Aidan’s family at a loss after water tragedy

Aidan Cupid

She can hardly speak, trembling on the verge of tears from one moment to the next. Shana Pars is outside her Minzett Drive home waiting for Aidan’s father, Keron Cupid, to appear.

“He doesn’t know what to do. He’s taking it so hard,” she said, just able to muster the power of speech herself.

“He was a beautiful little boy, full of love and energy. He touched everybody he met. Everyone
loved him.”
Aidan died on Saturday after getting into difficulties in a pond of water near the family home in Northward.

He was tall for his four years, his mother says, indicating about thigh high against her 5-foot, 9-nch frame. When she and Aidan appeared for his first day at George Town Primary, she continues, “the teacher looked at him and said ‘first grade only’? He’s too big for that.’

“His sister is taking it so hard,” Ms Pars says, motioning toward the family’s flat nearly the end of the cul de sac. Older than her brother the 13-year-old was with Aidan and a group of five or six other neighbourhood children when he slipped into the pond at the nearby construction site.

One neighbour said he had been out for a walk, had returned and was about to shower when a he heard a knock at the door just after 1:30pm.

“I ran out and no one was there, but a boy was in the yard and others were across the street. I asked what was going on and he said someone had fallen into the water. They were knocking on all the doors asking for help”

A part-time firefighter and part-time police officer, the neighbour raced around the corner, through the site entrance and across a hundred yards of mud and rubble to the enormous rectangular pond  surrounded by mountains of dredged aggregate, idle backhoes and a lone “no trespassing” sign.

“Others had started to arrive also, and I tried to organise it a little. I put one guy to the left and one to the right and said we would take turns diving and looking. I asked anyone with a mask, a flashlight, anything to bring it because the water is so murky and deep. You get just under the surface and all the light dissipates.”

The pond is between 25 feet and 35 feet deep, he said, judging by the surrounding piles of sand and stone, and the watermarks extending up to the hydraulic pumps on the backhoes.

A no trespass sign near to the pond

Already 10 minutes had elapsed since Aidan had vanished beneath the water, he said, ”then it was 15 minutes and 20 minutes, and we couldn’t find him. You keep going though, you want to keep going just because you never know, because you might find something. You don’t want to give up.

“I knew him,” he said of Aidan. “He had been part of the neighbourhood, playing, riding up and down with all the others, I had seen him just that morning in the street.”
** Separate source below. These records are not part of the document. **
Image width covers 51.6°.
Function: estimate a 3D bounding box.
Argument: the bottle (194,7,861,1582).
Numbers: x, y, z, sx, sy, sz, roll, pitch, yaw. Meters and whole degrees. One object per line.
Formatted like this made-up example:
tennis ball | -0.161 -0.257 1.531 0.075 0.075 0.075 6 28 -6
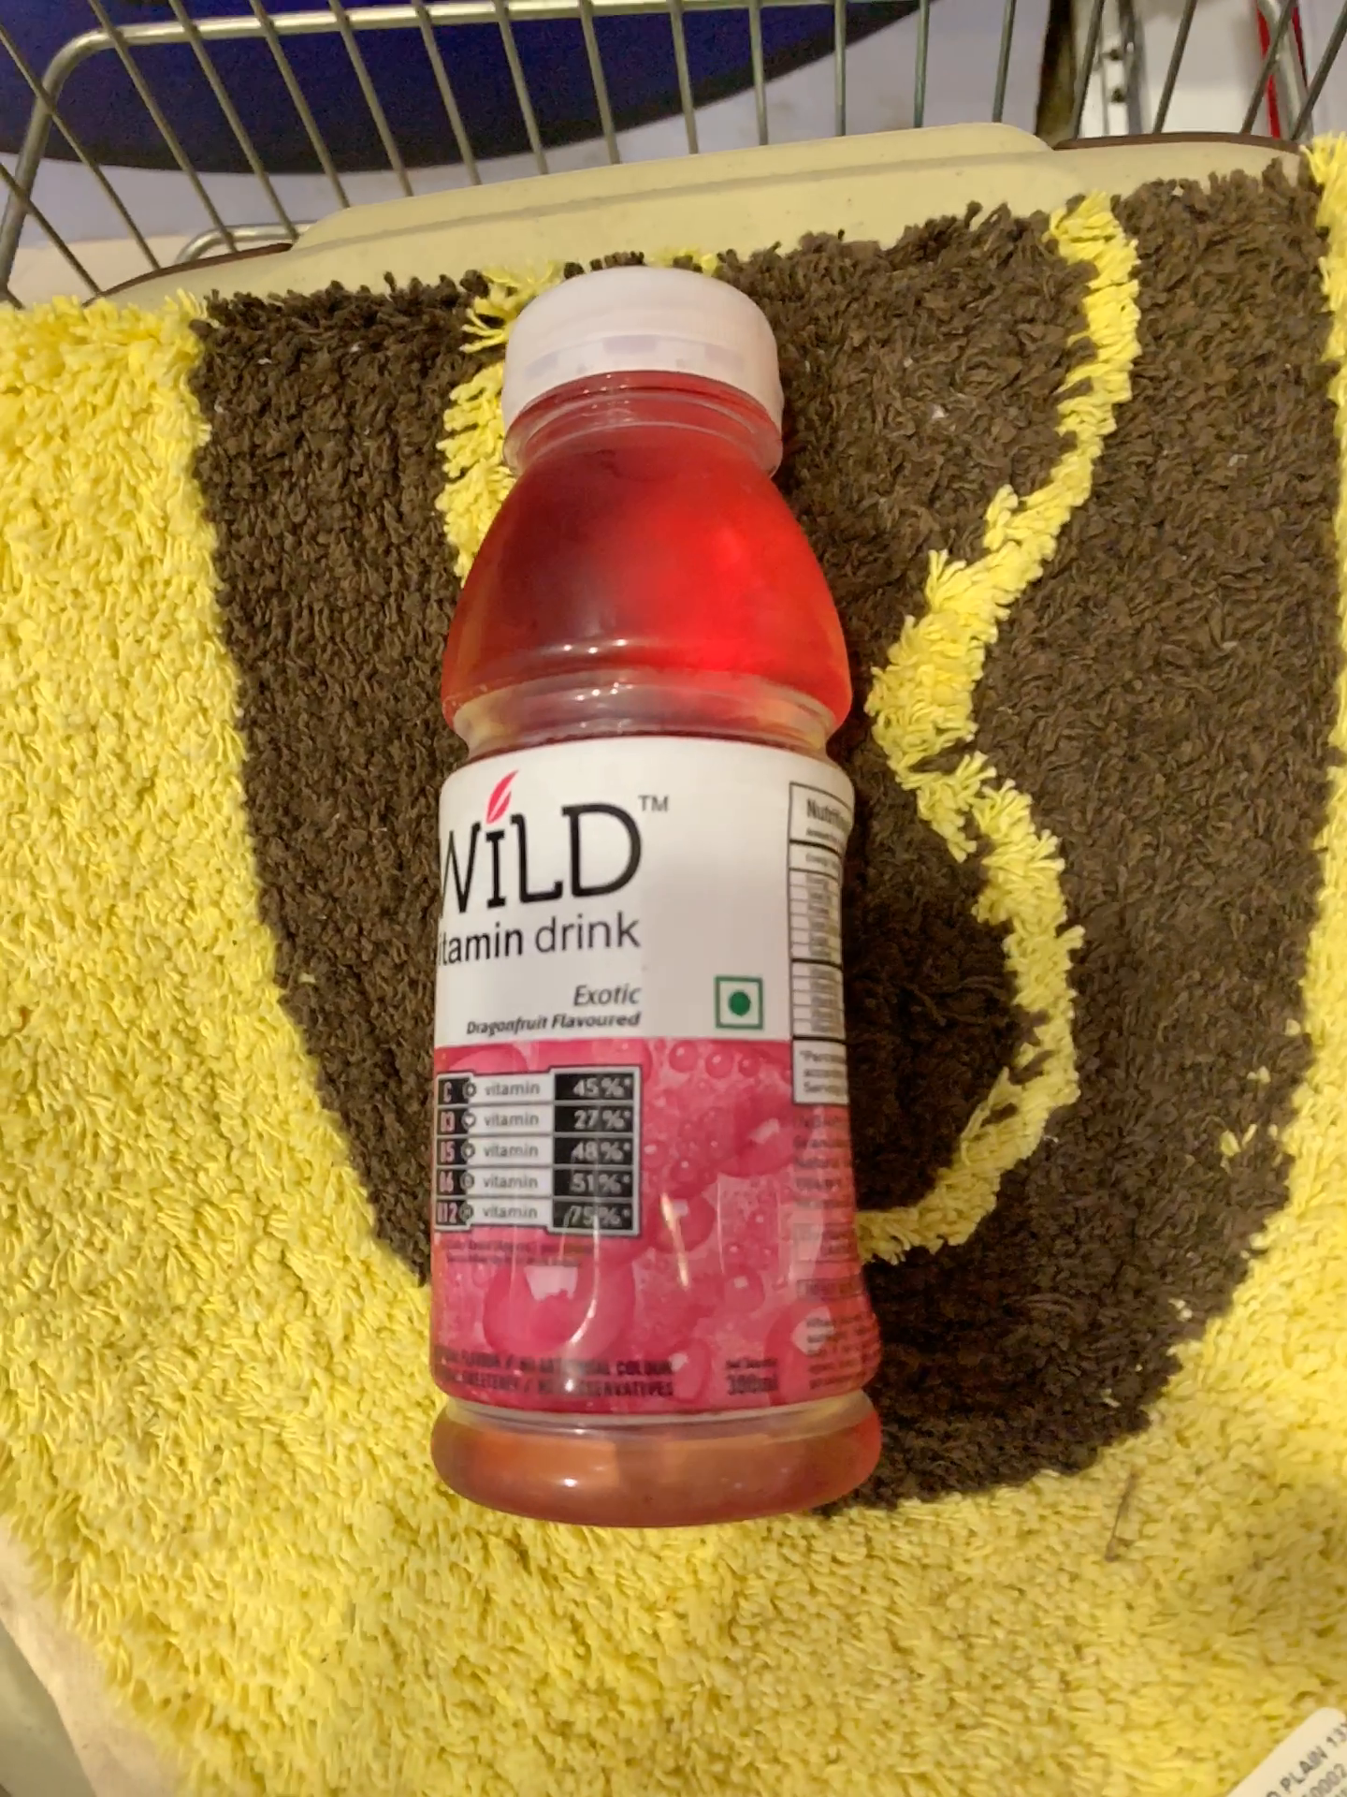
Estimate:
bottle | -0.016 -0.013 0.181 0.060 0.050 0.170 -7 76 30

The first 911 call was placed by the sister. A second one was quickly placed by another neighbour, immediately adjacent to the site. Police appeared about 20 minutes later and took another 30 minutes to find the body.
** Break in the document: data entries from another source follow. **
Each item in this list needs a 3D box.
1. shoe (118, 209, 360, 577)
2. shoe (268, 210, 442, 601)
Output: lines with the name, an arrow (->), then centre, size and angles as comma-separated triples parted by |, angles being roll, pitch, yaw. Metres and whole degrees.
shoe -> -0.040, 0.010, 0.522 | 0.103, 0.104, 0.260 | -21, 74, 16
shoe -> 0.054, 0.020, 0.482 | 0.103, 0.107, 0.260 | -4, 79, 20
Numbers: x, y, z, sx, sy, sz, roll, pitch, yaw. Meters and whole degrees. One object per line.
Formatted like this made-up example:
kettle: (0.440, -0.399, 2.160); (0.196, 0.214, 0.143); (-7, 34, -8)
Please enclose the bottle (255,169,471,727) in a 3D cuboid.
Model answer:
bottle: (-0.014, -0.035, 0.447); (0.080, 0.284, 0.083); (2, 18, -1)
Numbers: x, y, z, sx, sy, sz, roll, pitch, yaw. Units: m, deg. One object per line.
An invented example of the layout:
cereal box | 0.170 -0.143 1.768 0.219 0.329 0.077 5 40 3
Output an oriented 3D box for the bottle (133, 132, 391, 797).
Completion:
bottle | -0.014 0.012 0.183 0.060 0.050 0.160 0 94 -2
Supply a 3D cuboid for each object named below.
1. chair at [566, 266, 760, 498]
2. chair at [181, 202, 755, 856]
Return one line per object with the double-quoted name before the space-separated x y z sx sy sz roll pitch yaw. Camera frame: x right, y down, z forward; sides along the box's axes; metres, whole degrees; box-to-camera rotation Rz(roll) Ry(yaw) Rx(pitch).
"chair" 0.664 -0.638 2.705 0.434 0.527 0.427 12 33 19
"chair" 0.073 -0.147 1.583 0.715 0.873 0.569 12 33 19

“I am so upset with the developer, I don’t know what to say,” Ms Pars says, nodding at the street and envisioning the activity. “The neighbourhood is filled with children, riding bicycles and scooters up and down. The parents are outside in the yards, watching and talking.

“He was a joy and now I don’t know what to do,” she said, her eyes drifting, losing focus, staring absently at her cellphone. “There are so many children, and there is no fence there and no 4-year-old can read a ‘no trespassing’ sign.

“And then there are explosions as they dig out over there. It rattles the walls of the house and you don’t know what’s going on.”

Shana Pars can barely describe what happens next.

“We have to wait till Thursday before they release the body,” she said, clinging hard to her composure. “They have to do an autopsy.”

Already, she has had visits from Bodden Town MLAs Dwayne Seymour and Mark Scotland, Minster for Education Rolston Anglin and Chief Officer Mary Rodrigues, and Deputy Governor Franz Manderson.

Ms Pars declined to be photographed, almost inaudibly offering “this isn’t a good time. Maybe in the next couple of days.”

Police say enquiries into the circumstances surrounding the incident are ongoing and further details will be made available in due course.